Laporan oleh Tania Putri Dzahabiyyah.
Salah satu turnamen golf terbesar di Indonesia, Mandiri Indonesia Open 2025, resmi akan digelar pada 28–31 Agustus 2025 di Pondok Indah Golf Course, Jakarta. Tournament ini merupakan bagian dari kalender resmi Asia Tour dan akan mempertemukan lebih dari 144 pegolf profesional dari berbagai negara yang akan memperebutkan total hadiah senilai US$500.000 atau sekitar Rp8,15 miliar.
Seperti tahun-tahun sebelumnya, ajang ini hadir sebagai kolaborasi PB PGI dan Asian Tour, yang kembali mendapat dukungan penuh dari Bank Mandiri, yang telah menjadi sponsor utama selama empat tahun berturut-turut.
Vice President Bank Mandiri M. Wisnu Trihanggodo menegaskan dukungan Bank Mandiri pada edisi 2025 ini menjadi wujud sinergi nyata antara dunia perbankan dan olahraga.
”Mandiri ingin berkontribusi nyata dalam pengembangan olahraga nasional, khususnya golf.
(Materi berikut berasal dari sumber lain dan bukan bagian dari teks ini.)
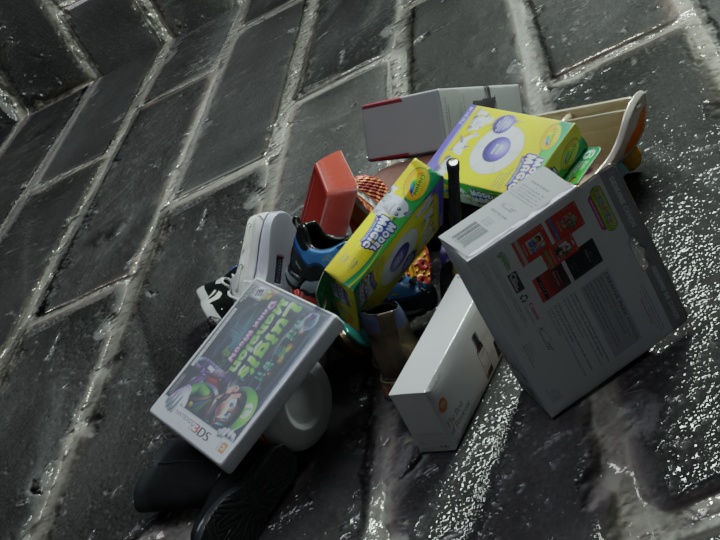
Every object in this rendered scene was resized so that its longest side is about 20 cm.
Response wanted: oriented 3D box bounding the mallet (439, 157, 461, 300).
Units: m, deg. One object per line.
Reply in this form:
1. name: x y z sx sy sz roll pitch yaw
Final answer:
1. mallet: 0.111 -0.047 1.459 0.041 0.202 0.066 -3 31 3

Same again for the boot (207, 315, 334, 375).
1. boot: -0.114 0.089 1.514 0.130 0.071 0.200 4 -4 -21

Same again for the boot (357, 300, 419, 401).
1. boot: 0.040 0.068 1.403 0.074 0.098 0.200 -15 14 0

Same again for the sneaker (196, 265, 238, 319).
1. sneaker: -0.165 0.038 1.746 0.111 0.073 0.200 -34 24 -4

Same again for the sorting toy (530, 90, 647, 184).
1. sorting toy: 0.243 -0.120 1.521 0.198 0.108 0.180 -6 29 37

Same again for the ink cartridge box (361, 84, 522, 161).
1. ink cartridge box: 0.120 -0.209 1.767 0.144 0.085 0.199 -6 4 41

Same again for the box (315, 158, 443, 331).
1. box: 0.022 -0.019 1.416 0.048 0.118 0.200 34 72 18

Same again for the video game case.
1. video game case: -0.129 0.109 1.375 0.201 0.023 0.181 -52 35 -12

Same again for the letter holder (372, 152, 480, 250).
1. letter holder: 0.120 -0.111 1.675 0.198 0.101 0.142 -9 30 38

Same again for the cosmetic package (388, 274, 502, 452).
1. cosmetic package: 0.103 0.094 1.336 0.050 0.083 0.201 -11 32 37

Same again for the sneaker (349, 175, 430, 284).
1. sneaker: 0.034 -0.030 1.603 0.072 0.077 0.202 -7 56 -25

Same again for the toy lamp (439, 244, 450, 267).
1. toy lamp: 0.189 -0.030 1.498 0.198 0.059 0.058 -8 33 40

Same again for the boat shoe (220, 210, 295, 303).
1. boat shoe: -0.147 0.020 1.665 0.085 0.074 0.205 0 80 39

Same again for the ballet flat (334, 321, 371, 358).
1. ballet flat: -0.020 0.066 1.558 0.072 0.068 0.201 -44 20 20

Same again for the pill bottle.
1. pill bottle: -0.135 0.153 1.455 0.198 0.113 0.113 -7 34 42

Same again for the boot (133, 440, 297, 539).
1. boot: -0.187 0.253 1.382 0.198 0.066 0.165 -3 28 40

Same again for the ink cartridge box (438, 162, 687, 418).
1. ink cartridge box: 0.204 0.010 1.237 0.175 0.201 0.084 -33 24 -4

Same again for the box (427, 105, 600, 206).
1. box: 0.178 -0.127 1.475 0.199 0.048 0.118 19 67 46

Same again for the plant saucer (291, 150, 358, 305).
1. plant saucer: -0.056 -0.046 1.653 0.036 0.202 0.200 13 17 -11

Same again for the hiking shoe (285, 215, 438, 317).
1. hiking shoe: 0.000 0.000 1.501 0.198 0.088 0.074 14 27 16
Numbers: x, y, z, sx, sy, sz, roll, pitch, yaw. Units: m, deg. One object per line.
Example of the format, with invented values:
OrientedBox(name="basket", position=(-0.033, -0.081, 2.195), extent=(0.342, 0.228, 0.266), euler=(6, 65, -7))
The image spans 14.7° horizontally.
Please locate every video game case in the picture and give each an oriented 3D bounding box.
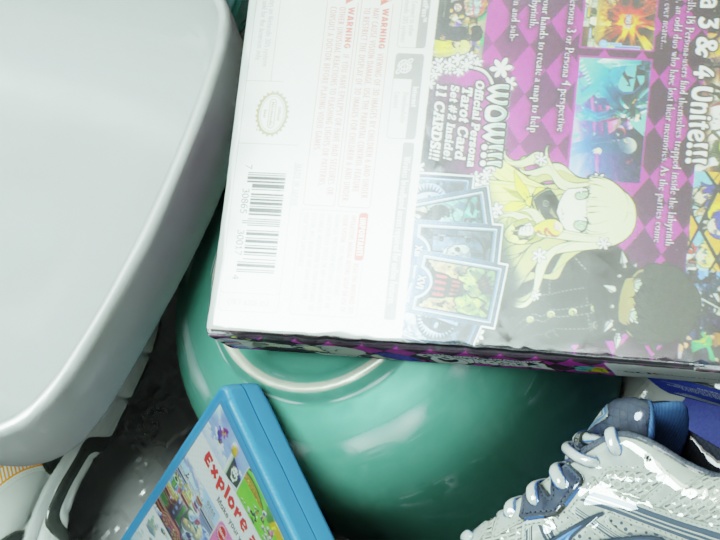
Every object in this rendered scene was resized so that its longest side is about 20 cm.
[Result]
OrientedBox(name="video game case", position=(-0.055, 0.156, 0.998), extent=(0.200, 0.018, 0.144), euler=(-56, 50, 41))
OrientedBox(name="video game case", position=(0.048, -0.067, 0.948), extent=(0.180, 0.036, 0.201), euler=(3, 79, 15))

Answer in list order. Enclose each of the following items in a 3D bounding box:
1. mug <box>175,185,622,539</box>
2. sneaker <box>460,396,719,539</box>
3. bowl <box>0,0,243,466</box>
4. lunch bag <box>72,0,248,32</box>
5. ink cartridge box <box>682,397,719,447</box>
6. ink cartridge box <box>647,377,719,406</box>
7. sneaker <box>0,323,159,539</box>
OrientedBox(name="mug", position=(-0.003, 0.011, 1.033), extent=(0.185, 0.114, 0.152), euler=(35, 89, 31))
OrientedBox(name="sneaker", position=(0.084, 0.083, 0.930), extent=(0.199, 0.077, 0.086), euler=(-8, 94, 19))
OrientedBox(name="bowl", position=(-0.143, -0.022, 1.028), extent=(0.199, 0.075, 0.201), euler=(14, 67, 29))
OrientedBox(name="lunch bag", position=(-0.058, -0.187, 1.099), extent=(0.077, 0.161, 0.201), euler=(15, 56, -5))
OrientedBox(name="ink cartridge box", position=(0.189, 0.083, 0.957), extent=(0.198, 0.047, 0.200), euler=(-49, 61, 3))
OrientedBox(name="ink cartridge box", position=(0.170, -0.046, 0.951), extent=(0.094, 0.044, 0.201), euler=(15, 83, 23))
OrientedBox(name="sneaker", position=(-0.140, 0.053, 1.087), extent=(0.074, 0.080, 0.201), euler=(-3, 65, 55))
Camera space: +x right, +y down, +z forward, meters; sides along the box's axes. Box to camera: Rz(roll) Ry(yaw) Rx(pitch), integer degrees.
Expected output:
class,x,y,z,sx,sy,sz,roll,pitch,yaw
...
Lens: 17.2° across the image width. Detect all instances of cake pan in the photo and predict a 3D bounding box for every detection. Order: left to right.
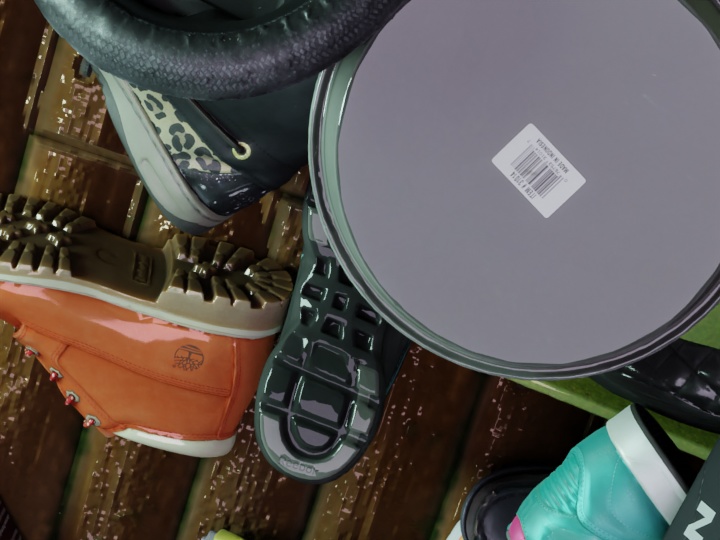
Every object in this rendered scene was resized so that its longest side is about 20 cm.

Kami tak hanya mendukung turnamen (ini), tapi juga ikut serta dalam pembinaan atlet junior,” ujar Wisnu menunjuk pada penyelenggaraan Mandiri Ciputra Golfpreneur Junior World Championship, yang pekan lalu berlangsung bersamaan dengan jumpa pers ini.
Sekretaris Jenderal PB PGI Suharsono berharap gelaran Mandiri Indonesia Open kali ini juga bisa menjadi momen untuk meningkatkan daya saing para pegolf amatir, yang memang menjadi ranah tanggung jawab PB PGI, sekaligus memperluas kesempatan berprestasi pada ajang internasional.
”Yang paling harus dihindari itu distraksi. Buat saya, media sosial dan hal-hal tidak penting lainnya bisa mengganggu.” — Naraajie Emerald Ramadhan Putra.
Sebagai salah satu kejuaraan golf nasional terbuka tertua di wilayah Asia Tenggara, ajang ini juga telah menjadi barometer prestasi bagi para pegolf internasional sejak lama. Beberapa legenda golf, seperti Ben Arda (1974) dan Frankie Minoza (1986 dan 1990) dari Filipina, Payne Stewart (1981) dari AS, Thaworn Wiratchant (2005 dan 2010) dan Thongchai Jaidee (2009) dari Thailand telah meraih sukses lewat ajang ini.
Naraaji Emerald Ramadhan Putra dan Randy Arbenata Muhamad Bintang ikut hadir untuk, masing-masing, memberi perspektif dari lini profesional dan amatir.
”Kalau persiapan sih seperti biasa, latihan konsisten dan maksimal. Hal yang paling penting adalah menjaga fokus dan mengurangi sosial media,” ungkap Randy.
Sementara itu, Naraajie menyoroti pentingnya kesiapan mental dan strategi teknis dalam menghadapi tekanan turnamen.
”Masih ada dua bulan lagi untuk mempersiapkan diri. Saya lebih fokus ke postur dan pukulan karena lapangannya cukup menantang secara teknis, terutama di area sekitar green. Tekanannya besar, jadi harus bermain sebaik mungkin,” jelasnya.
”Yang paling harus dihindari itu distraksi. Buat saya, media sosial dan hal-hal tidak penting lainnya bisa mengganggu. Tapi kalau saya bisa rileks, fokus, dan nyaman di zona saya sendiri, hasilnya akan mengikuti,” tambahnya.